Build an Auto-Summarizing AI Agent on Civo Kubernetes with GPUs

Picture this: you upload a PDF to a folder, and within seconds, a structured summary appears next to it. No manual triggers. No complicated workflows. Just effortless document processing that actually works.

That’s exactly what we’re building today: an automated summarization agent running on Civo Kubernetes with GPU support. It watches a Civo Object Store bucket, detects new files, sends them to a relaxAI-powered summarizer, and stores the results as JSON sidecars. The whole thing runs 24/7, with minimal infrastructure cost, and proves that AI pipelines don't need to be enterprise nightmares.

Prerequisites

As well as having basic Kubernetes knowledge, you will need to ensure that the following is in place before we dive in:

A Civo account (this will require access to GPU-enabled nodes in your chosen Civo region)
Docker installed locally
Python 3.9+ installed
relaxAI API access
kubectl CLI configured and ready

Project folder structure

First, let's set up our project structure. Create this locally:

civo-summarizer-agent/
├── summarizer/
│   ├── app.py
│   ├── requirements.txt
│   └── Dockerfile
├── watcher/
│   ├── watcher.py
│   ├── requirements.txt
│   └── Dockerfile
├── k8s/
│   ├── namespace.yaml
│   ├── summarizer-deployment.yaml
│   ├── watcher-deployment.yaml
│   └── secret.yaml

Step 1: Create a GPU Kubernetes cluster on Civo

First, provision a GPU-enabled cluster:

Log in to the Civo Dashboard
Create a new Kubernetes cluster
Add a GPU node pool (one node is sufficient for this demo)
Download your kubeconfig
Connect to the cluster by running set KUBECONFIG=path-to-kubeconfig-file in your terminal (use export instead of set on Linux or macOS).

Verify connectivity:

kubectl get nodes
kubectl get pods -A

Your Alt Text

Create a namespace for our project:

Create k8s/namespace.yaml:


apiVersion: v1
kind: Namespace
metadata:
  name: summarizer-agent

Apply it:

kubectl apply -f k8s/namespace.yaml
kubectl config set-context --current --namespace=summarizer-agent

Step 2: Set up Civo Object Store

Civo's Object Store is S3-compatible and simple to set up:

Create Object Store credentials:

In the Civo dashboard, go to Object Stores → Credentials
Click Create a new Credential
Note down your Access Key and Secret Key (you'll need these)
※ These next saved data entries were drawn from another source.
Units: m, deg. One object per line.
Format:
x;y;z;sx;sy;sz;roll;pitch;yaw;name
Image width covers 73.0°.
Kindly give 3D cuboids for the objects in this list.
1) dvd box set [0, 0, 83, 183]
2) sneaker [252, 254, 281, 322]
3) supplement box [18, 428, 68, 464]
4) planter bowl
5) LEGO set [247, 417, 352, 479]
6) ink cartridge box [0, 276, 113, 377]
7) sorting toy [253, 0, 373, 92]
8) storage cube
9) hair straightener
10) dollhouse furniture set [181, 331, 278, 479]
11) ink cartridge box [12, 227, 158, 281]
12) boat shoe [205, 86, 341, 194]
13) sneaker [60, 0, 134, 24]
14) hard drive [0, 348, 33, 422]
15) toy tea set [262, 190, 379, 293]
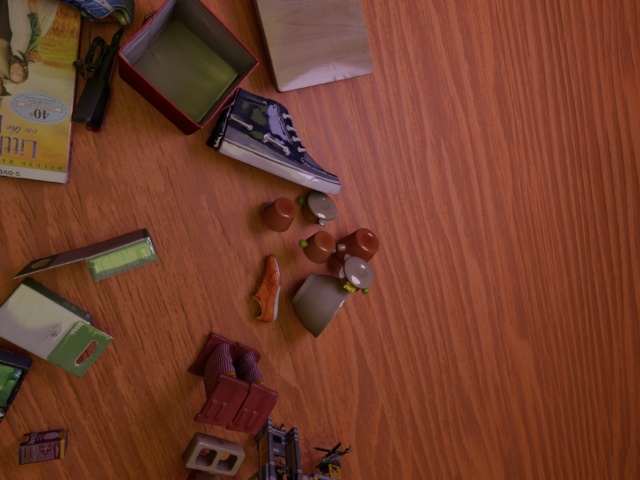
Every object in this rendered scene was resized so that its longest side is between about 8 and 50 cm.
-0.621;-0.333;0.798;0.307;0.062;0.421;6;95;-25;dvd box set
-0.136;0.122;1.085;0.067;0.064;0.175;5;93;-15;sneaker
-0.593;0.441;0.928;0.083;0.055;0.043;2;95;-25;supplement box
-0.008;0.151;1.106;0.109;0.162;0.162;36;82;2;planter bowl
-0.094;0.611;1.144;0.331;0.192;0.255;22;118;-22;LEGO set
-0.557;0.183;0.902;0.209;0.062;0.109;42;80;-24;ink cartridge box
-0.027;-0.499;1.027;0.257;0.089;0.256;-19;105;-21;sorting toy
-0.273;-0.347;0.881;0.215;0.193;0.184;41;80;-24;storage cube
-0.439;-0.337;0.855;0.047;0.089;0.231;16;84;11;hair straightener
-0.265;0.438;1.005;0.152;0.201;0.374;28;92;-25;dollhouse furniture set
-0.456;0.040;0.867;0.235;0.171;0.056;-21;106;-20;ink cartridge box
-0.080;-0.229;1.019;0.340;0.127;0.158;19;97;-25;boat shoe
-0.432;-0.453;0.790;0.211;0.080;0.081;-19;112;-49;sneaker
-0.731;0.342;0.785;0.237;0.064;0.339;28;84;-26;hard drive
0.000;0.000;1.104;0.336;0.124;0.200;40;46;-6;toy tea set
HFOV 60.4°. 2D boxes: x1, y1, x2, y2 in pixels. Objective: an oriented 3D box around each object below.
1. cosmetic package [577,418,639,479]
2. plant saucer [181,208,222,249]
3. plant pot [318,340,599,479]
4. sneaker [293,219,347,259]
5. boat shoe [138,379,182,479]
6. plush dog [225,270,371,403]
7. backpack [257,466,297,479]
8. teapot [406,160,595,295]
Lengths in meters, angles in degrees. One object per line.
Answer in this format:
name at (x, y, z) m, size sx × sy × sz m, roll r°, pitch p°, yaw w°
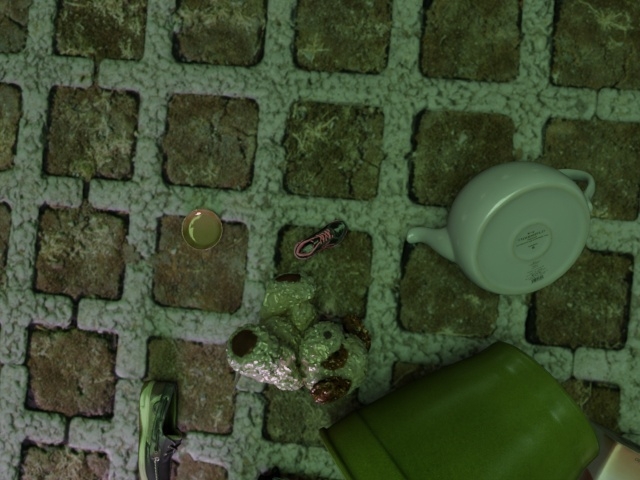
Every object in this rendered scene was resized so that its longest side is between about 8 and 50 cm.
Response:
cosmetic package at (0.498, 0.499, 0.983) m, size 0.153 × 0.129 × 0.296 m, roll 26°, pitch 93°, yaw 3°
plant saucer at (-0.236, -0.022, 1.106) m, size 0.084 × 0.015 × 0.083 m, roll 0°, pitch 89°, yaw 5°
plant pot at (0.245, 0.363, 0.920) m, size 0.353 × 0.366 × 0.366 m, roll -36°, pitch 87°, yaw -7°
sneaker at (0.000, 0.000, 1.065) m, size 0.119 × 0.057 × 0.047 m, roll -33°, pitch 85°, yaw 3°
boat shoe at (-0.309, 0.387, 1.079) m, size 0.074 × 0.080 × 0.223 m, roll -5°, pitch 85°, yaw 10°
plush dog at (-0.023, 0.211, 1.005) m, size 0.226 × 0.262 × 0.210 m, roll 14°, pitch 125°, yaw 14°
backpack at (-0.042, 0.530, 1.039) m, size 0.182 × 0.115 × 0.151 m, roll 9°, pitch 88°, yaw 2°
teapot at (0.333, -0.041, 0.980) m, size 0.256 × 0.187 × 0.252 m, roll 18°, pitch 112°, yaw -21°
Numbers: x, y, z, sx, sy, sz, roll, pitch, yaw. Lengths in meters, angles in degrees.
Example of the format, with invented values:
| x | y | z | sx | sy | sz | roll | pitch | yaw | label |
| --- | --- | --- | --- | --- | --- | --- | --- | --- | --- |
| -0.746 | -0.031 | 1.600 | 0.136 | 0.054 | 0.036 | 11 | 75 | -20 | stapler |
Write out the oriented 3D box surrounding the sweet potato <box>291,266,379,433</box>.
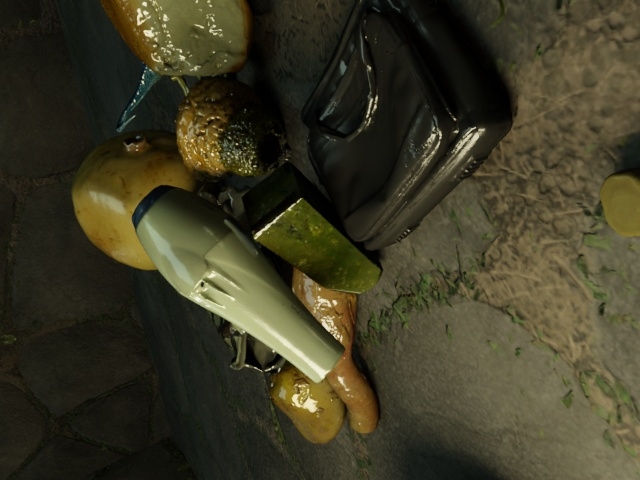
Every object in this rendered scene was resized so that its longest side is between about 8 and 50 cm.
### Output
| x | y | z | sx | sy | sz | roll | pitch | yaw | label |
| --- | --- | --- | --- | --- | --- | --- | --- | --- | --- |
| 0.020 | 0.144 | 0.861 | 0.109 | 0.109 | 0.386 | 5 | 111 | 60 | sweet potato |

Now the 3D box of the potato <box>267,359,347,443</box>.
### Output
| x | y | z | sx | sy | sz | roll | pitch | yaw | label |
| --- | --- | --- | --- | --- | --- | --- | --- | --- | --- |
| -0.017 | 0.289 | 1.001 | 0.137 | 0.137 | 0.176 | 21 | 146 | 55 | potato |

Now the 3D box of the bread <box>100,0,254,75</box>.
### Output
| x | y | z | sx | sy | sz | roll | pitch | yaw | label |
| --- | --- | --- | --- | --- | --- | --- | --- | --- | --- |
| -0.231 | -0.398 | 0.851 | 0.250 | 0.224 | 0.279 | 44 | 152 | 50 | bread |

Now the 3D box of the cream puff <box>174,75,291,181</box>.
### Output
| x | y | z | sx | sy | sz | roll | pitch | yaw | label |
| --- | --- | --- | --- | --- | --- | --- | --- | --- | --- |
| -0.128 | -0.171 | 0.904 | 0.168 | 0.183 | 0.184 | 20 | 128 | 24 | cream puff |

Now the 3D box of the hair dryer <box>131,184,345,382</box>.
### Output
| x | y | z | sx | sy | sz | roll | pitch | yaw | label |
| --- | --- | --- | --- | --- | --- | --- | --- | --- | --- |
| -0.061 | 0.046 | 0.704 | 0.119 | 0.298 | 0.296 | -47 | 70 | 27 | hair dryer |

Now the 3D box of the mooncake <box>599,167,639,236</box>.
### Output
| x | y | z | sx | sy | sz | roll | pitch | yaw | label |
| --- | --- | --- | --- | --- | --- | --- | --- | --- | --- |
| 0.318 | -0.009 | 0.285 | 0.346 | 0.057 | 0.150 | 34 | 147 | 45 | mooncake |

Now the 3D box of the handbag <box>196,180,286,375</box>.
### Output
| x | y | z | sx | sy | sz | roll | pitch | yaw | label |
| --- | --- | --- | --- | --- | --- | --- | --- | --- | --- |
| -0.147 | 0.071 | 0.990 | 0.327 | 0.162 | 0.326 | 140 | 111 | -80 | handbag |

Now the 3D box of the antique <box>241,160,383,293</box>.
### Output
| x | y | z | sx | sy | sz | roll | pitch | yaw | label |
| --- | --- | --- | --- | --- | --- | --- | --- | --- | --- |
| 0.000 | 0.000 | 0.713 | 0.221 | 0.080 | 0.081 | 41 | -161 | -43 | antique |

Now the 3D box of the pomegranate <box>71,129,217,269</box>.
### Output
| x | y | z | sx | sy | sz | roll | pitch | yaw | label |
| --- | --- | --- | --- | --- | --- | --- | --- | --- | --- |
| -0.406 | -0.100 | 1.257 | 0.332 | 0.332 | 0.333 | 38 | 138 | 45 | pomegranate |

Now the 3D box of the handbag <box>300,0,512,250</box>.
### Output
| x | y | z | sx | sy | sz | roll | pitch | yaw | label |
| --- | --- | --- | --- | --- | --- | --- | --- | --- | --- |
| 0.070 | -0.140 | 0.625 | 0.244 | 0.088 | 0.275 | 66 | 153 | 18 | handbag |

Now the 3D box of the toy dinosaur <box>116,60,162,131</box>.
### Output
| x | y | z | sx | sy | sz | roll | pitch | yaw | label |
| --- | --- | --- | --- | --- | --- | --- | --- | --- | --- |
| -0.315 | -0.379 | 1.079 | 0.076 | 0.363 | 0.147 | 27 | -175 | 3 | toy dinosaur |

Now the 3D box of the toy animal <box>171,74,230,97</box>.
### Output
| x | y | z | sx | sy | sz | roll | pitch | yaw | label |
| --- | --- | --- | --- | --- | --- | --- | --- | --- | --- |
| -0.206 | -0.280 | 1.058 | 0.181 | 0.073 | 0.136 | 0 | 115 | 48 | toy animal |
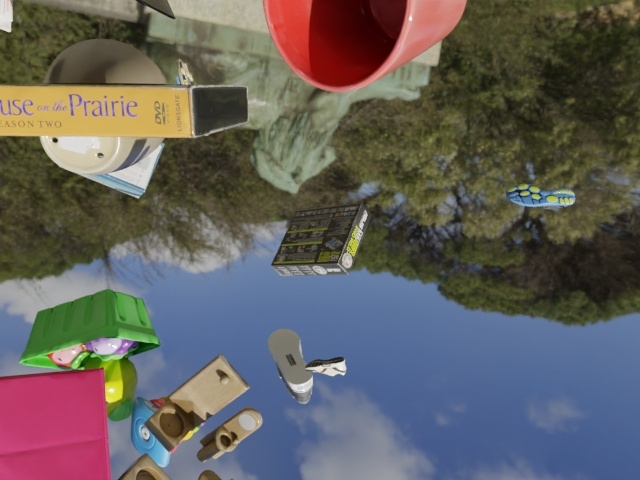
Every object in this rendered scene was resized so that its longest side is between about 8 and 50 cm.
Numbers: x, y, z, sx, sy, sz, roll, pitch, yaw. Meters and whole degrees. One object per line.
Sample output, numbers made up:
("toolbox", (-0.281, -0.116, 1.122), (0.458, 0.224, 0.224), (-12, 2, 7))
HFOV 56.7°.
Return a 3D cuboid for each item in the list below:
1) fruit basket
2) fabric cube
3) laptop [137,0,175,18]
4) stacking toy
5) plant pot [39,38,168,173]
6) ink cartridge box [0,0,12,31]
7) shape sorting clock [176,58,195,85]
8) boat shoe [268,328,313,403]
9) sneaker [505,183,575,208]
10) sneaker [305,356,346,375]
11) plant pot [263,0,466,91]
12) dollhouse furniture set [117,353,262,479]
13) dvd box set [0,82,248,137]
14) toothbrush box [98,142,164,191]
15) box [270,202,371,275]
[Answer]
("fruit basket", (-0.691, 0.373, 1.826), (0.392, 0.391, 0.283), (13, 169, 27))
("fabric cube", (-0.523, 0.380, 1.045), (0.258, 0.258, 0.254), (-1, 158, -27))
("laptop", (-0.515, -0.449, 1.020), (0.408, 0.236, 0.382), (-29, -137, -1))
("stacking toy", (-0.400, 0.522, 1.774), (0.175, 0.165, 0.302), (25, -158, 33))
("plant pot", (-0.416, -0.226, 1.095), (0.257, 0.256, 0.274), (7, -157, -11))
("ink cartridge box", (-0.774, -0.569, 1.350), (0.067, 0.115, 0.198), (-4, 175, 24))
("shape sorting clock", (-0.332, -0.375, 1.558), (0.041, 0.206, 0.206), (-15, -169, -2))
("boat shoe", (-0.092, 0.400, 1.899), (0.108, 0.102, 0.301), (-13, -149, -17))
("sneaker", (0.606, -0.113, 1.648), (0.188, 0.067, 0.078), (4, 161, -5))
("sneaker", (0.013, 0.317, 1.462), (0.109, 0.043, 0.040), (-9, -162, 24))
("plant pot", (0.088, -0.387, 0.923), (0.275, 0.274, 0.243), (15, -149, 36))
("dollhouse furniture set", (-0.144, 0.254, 0.712), (0.144, 0.123, 0.151), (49, -154, -1))
("dvd box set", (-0.330, -0.178, 0.784), (0.421, 0.062, 0.307), (1, -166, 3))
("toothbrush box", (-0.510, -0.203, 1.421), (0.217, 0.126, 0.295), (23, 174, -20))
("box", (0.000, 0.000, 1.765), (0.270, 0.216, 0.060), (-5, 142, 41))

Create an Object Store instance:

Go to Object Stores → Create an Object Store
Name it summarizer-store
Select the same region as your cluster (e.g., lon1)
Click Create store

Create a bucket:

Click on your newly created Object Store instance
Click Create a new folder
Name it incoming-docs
Click Create folder

Your bucket URL will be like this: https://objectstore.lon1.civo.com/incoming-docs

Note: Replace lon1 with your actual region throughout this tutorial.

Step 3: Build the summarizer service (relaxAI)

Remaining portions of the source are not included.